Over the past ten years, podcasts have grown in broadcasting over the Internet, with their listening rate increasing to six hours per week.
What is a podcast?
A podcast is a set of audio files published on the Internet that the user can listen to directly or download from various platforms via computers and smartphones.
A podcast is like a radio, but for the radio, it is the same as video content posted on the Internet for a television.
Thus, what we know about video content in terms of its diversity and comprehensiveness applies in some way to podcasts. The advantage of the podcast is that it is easy to produce in terms of authoring, creativity, and broadcasting. It does not require the usual montage and graphics in the video and receiving and listening, as it is not necessary to stare at the screen—all the time.
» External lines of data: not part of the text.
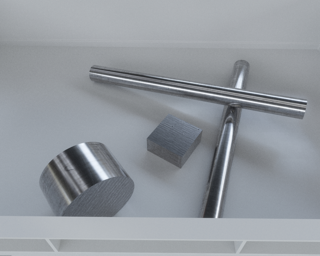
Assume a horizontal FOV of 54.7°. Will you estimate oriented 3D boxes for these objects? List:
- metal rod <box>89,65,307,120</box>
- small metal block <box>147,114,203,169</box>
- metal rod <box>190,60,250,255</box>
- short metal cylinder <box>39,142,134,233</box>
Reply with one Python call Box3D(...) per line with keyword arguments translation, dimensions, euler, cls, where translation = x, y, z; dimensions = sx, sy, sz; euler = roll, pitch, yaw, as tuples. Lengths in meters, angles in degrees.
Box3D(translation=(0.038, -0.053, 0.426), dimensions=(0.301, 0.025, 0.025), euler=(13, 51, 19), cls="metal rod")
Box3D(translation=(0.019, 0.015, 0.392), dimensions=(0.050, 0.025, 0.050), euler=(27, 55, 20), cls="small metal block")
Box3D(translation=(0.085, 0.013, 0.395), dimensions=(0.025, 0.025, 0.300), euler=(13, 51, 10), cls="metal rod")
Box3D(translation=(-0.074, 0.061, 0.318), dimensions=(0.081, 0.080, 0.050), euler=(-29, 56, -22), cls="short metal cylinder")
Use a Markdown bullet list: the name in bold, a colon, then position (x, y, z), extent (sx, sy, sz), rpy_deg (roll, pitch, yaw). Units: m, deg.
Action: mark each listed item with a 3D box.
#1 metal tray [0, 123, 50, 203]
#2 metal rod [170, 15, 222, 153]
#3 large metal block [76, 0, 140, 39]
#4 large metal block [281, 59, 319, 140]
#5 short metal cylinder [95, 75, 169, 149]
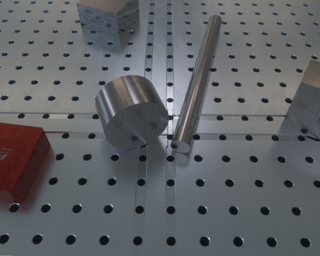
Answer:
- **metal tray**: position (-0.214, 0.035, 0.373), extent (0.131, 0.030, 0.090), rpy_deg (7, 50, 5)
- **metal rod**: position (0.064, -0.087, 0.481), extent (0.025, 0.025, 0.300), rpy_deg (12, 51, 9)
- **large metal block**: position (-0.093, -0.217, 0.573), extent (0.080, 0.050, 0.080), rpy_deg (19, 53, 15)
- **large metal block**: position (0.215, -0.030, 0.399), extent (0.080, 0.080, 0.050), rpy_deg (24, 54, 18)
- **short metal cylinder**: position (-0.035, -0.019, 0.388), extent (0.081, 0.080, 0.050), rpy_deg (-16, 52, -13)
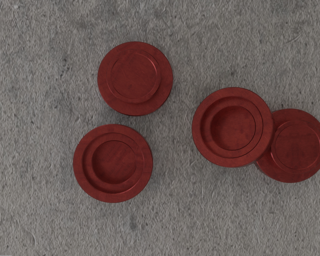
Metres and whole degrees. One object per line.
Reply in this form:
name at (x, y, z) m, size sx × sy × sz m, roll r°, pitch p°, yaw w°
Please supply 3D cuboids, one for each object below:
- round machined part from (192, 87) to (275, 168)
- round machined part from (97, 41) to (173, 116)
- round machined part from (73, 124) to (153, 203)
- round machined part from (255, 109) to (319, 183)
round machined part at (0.093, 0.001, 0.389) m, size 0.098 × 0.042 × 0.098 m, roll -5°, pitch 80°, yaw 26°
round machined part at (-0.032, -0.064, 0.401) m, size 0.099 × 0.042 × 0.097 m, roll 0°, pitch 90°, yaw 0°
round machined part at (-0.058, 0.043, 0.401) m, size 0.099 × 0.042 × 0.097 m, roll 0°, pitch 90°, yaw 0°
round machined part at (0.170, 0.023, 0.403) m, size 0.099 × 0.042 × 0.097 m, roll 0°, pitch 90°, yaw 0°

The platforms and the way to listen
Although podcasts have been available on the iTunes store since 2005, smart devices did not outperform computers until Apple released its podcast app in 2012. It then became the primary method that listeners prefer to use, until smart audio aids came in that their use increased by 70%.
Apple Podcasts had the primary role in developing the podcast industry because it was the main and almost the only platform for several years. Recently, its market share had decreased after Google entered this market when it launched its Google Podcasts platform last year.
Spotifystorm also captured a good market share of around 10%.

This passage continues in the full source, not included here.